In my former book, Theophilus, I wrote about all that Jesus began to do and to teach until the day he was taken up to heaven, after giving instructions through the Holy Spirit to the apostles he had chosen.Acts 1:1-2
The first few verses of chapter one constitute an introduction to the book of Acts, giving us the key to the book. Here we have revealed the essential strategy by which Jesus Christ proposes to change the world, a strategy which is the secret of the revolutionary character of the church when it is operating as it was intended to operate. I strongly suspect that most Christians suffer from a terrible inferiority complex when we confront the world around us. We have bought the idea of many around that the church is quite irrelevant, a not-at-all-important segment of society. That view is absolutely false. The church is the most important body in the world today — far and away beyond every other body — because whatever happens in the world happens as a result of something that is, or is not, happening in the church.
Now, in his first statement here, Dr. Luke gives us the great strategy by which the Lord works among mankind. He says,
In my former book...I wrote about all that Jesus began to do and to teach... The Gospel of Luke is the record of the incarnation of the Son of God. Jesus, the man, came to begin something,
to do and to teach, and the record of that beginning is in the Gospels. But, by clear implication, this second book is the continuation of what Jesus began to do. In a very real sense, Acts is not the acts of Christians, but the continuing acts of Jesus. It is an account of what Jesus continues to do and to teach. In the Gospels he did it in his physical body of flesh. In the book of Acts he is doing it through the bodies of men and women who are indwelt by his life. Thus, whether in the Gospels or in Acts, incarnation is the secret strategy by which God changes the world.
Whenever God wants to get a message across to men he does not simply send someone to announce it; his final way of driving it home is to dress the message in flesh and blood.
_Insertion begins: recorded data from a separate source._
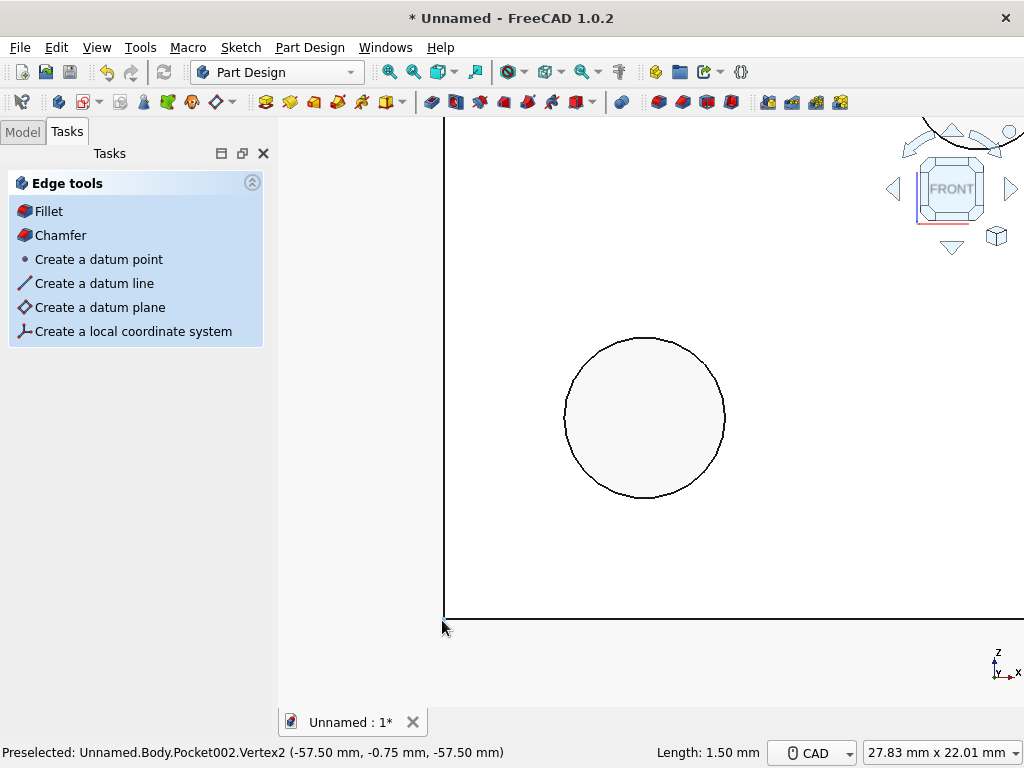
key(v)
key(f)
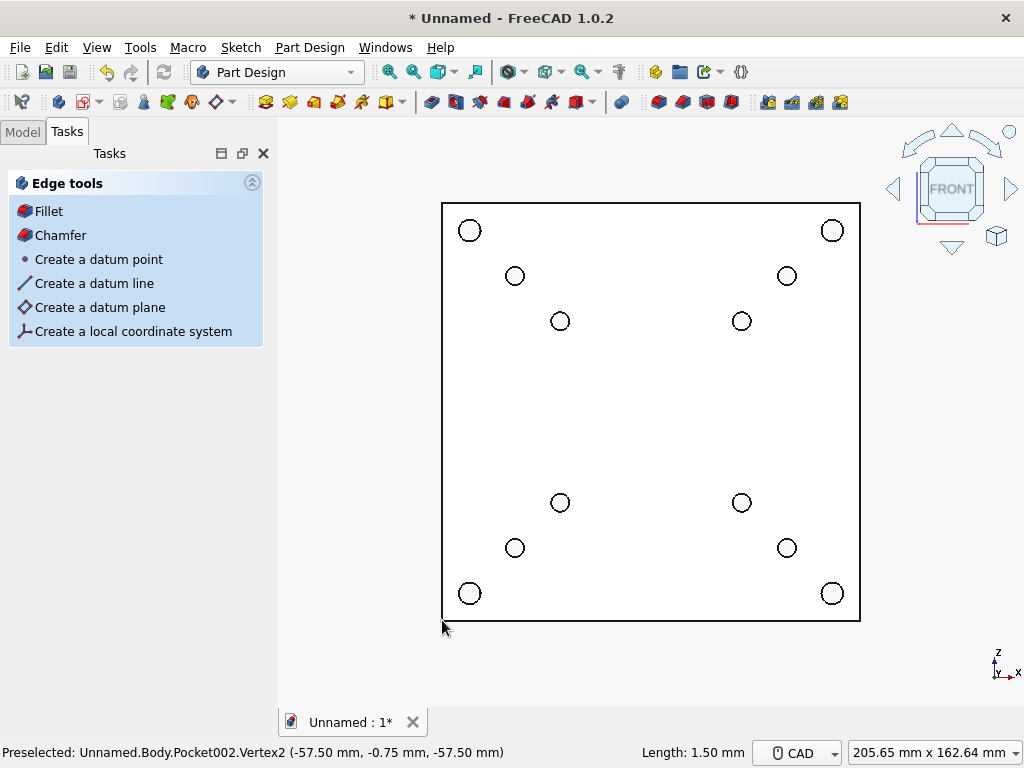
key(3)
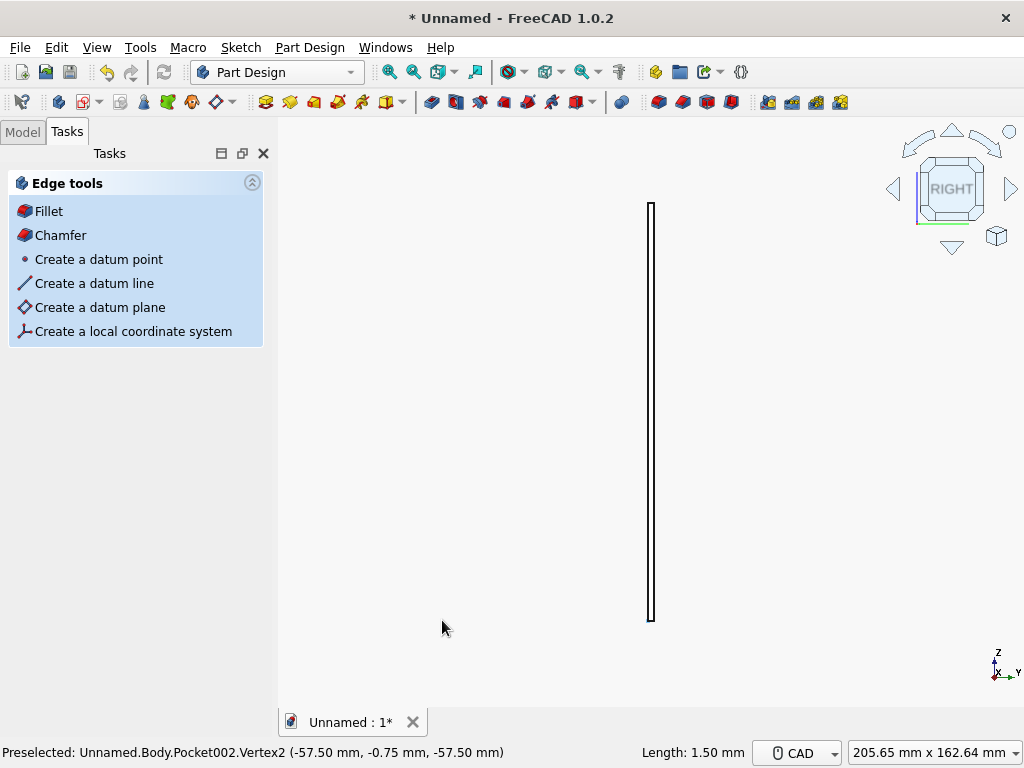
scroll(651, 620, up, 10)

He takes a life and aims it in a certain direction and, by the manifestation of his own life through the blood and flesh of a human being, he makes clear what he has to say. That is the strategy of the book of Acts. It is the record of incarnation; men and women, possessed by Jesus Christ, owned by him, and thus manifesting his life. That is the secret of authentic Christianity. Anytime you find a Christianity that is not doing that, it is false Christianity. No matter how much it may adapt the garb and language of Christianity, if it is not the activity of human beings possessed and indwelt by the life of Jesus Christ it is not authentic Christianity. That is the true power of the church, as we shall see in this book.
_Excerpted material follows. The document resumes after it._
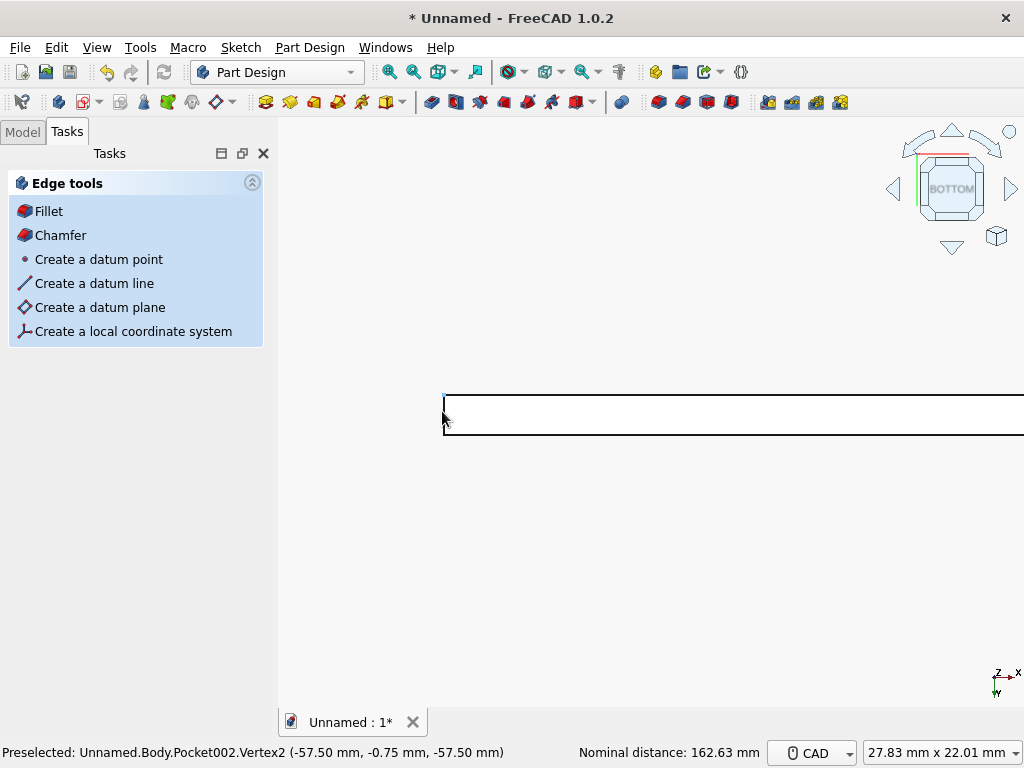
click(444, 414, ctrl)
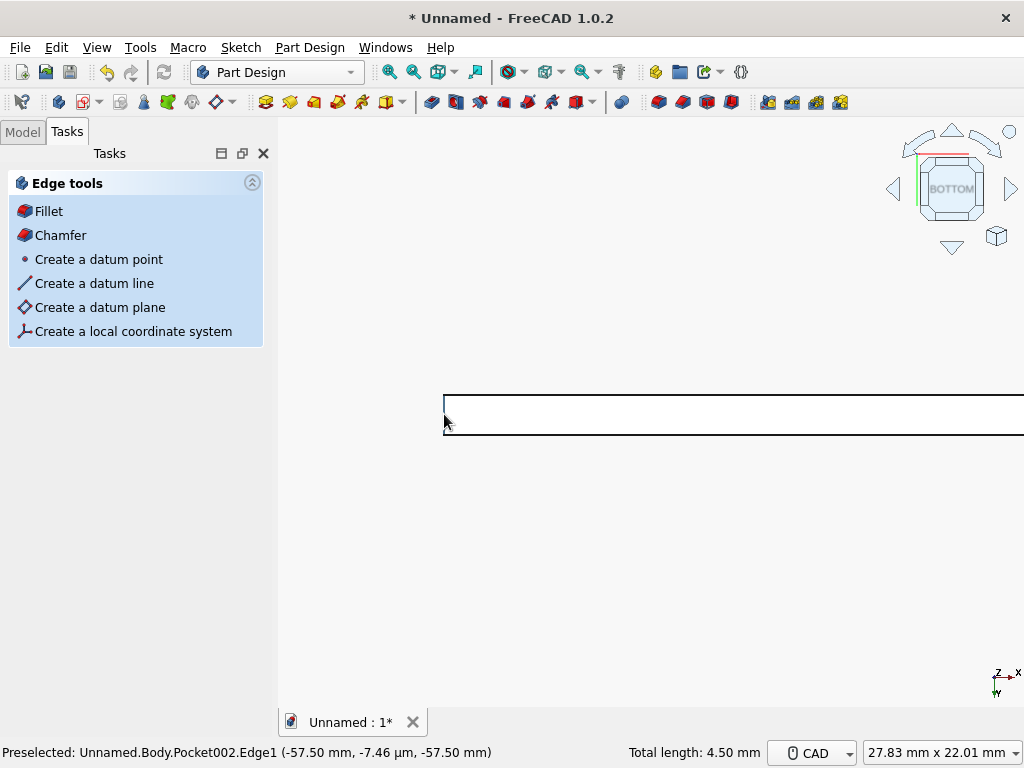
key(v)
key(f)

The book of Acts therefore is an unfinished book. It has never been ended, but is still being written. The book abruptly closes with an account of Paul in the city of Rome, living in his own hired house. It just ends there as though you might turn over the next page and begin the next adventure. This book is Volume 1, and we are writing Volume 20 now. It may well be the last volume in the series. I hope so.
Father, thank you for this insight into the way by which you do your work. Forgive me for my blindness toward this plan, and my failure to take seriously these words. But thank you for the excitement that is mine as I rediscover this power in my own age.
In our fervor to adapt to cultural changes, have we neglected the fundamental principles both taught and empowered by the Lord of the Church?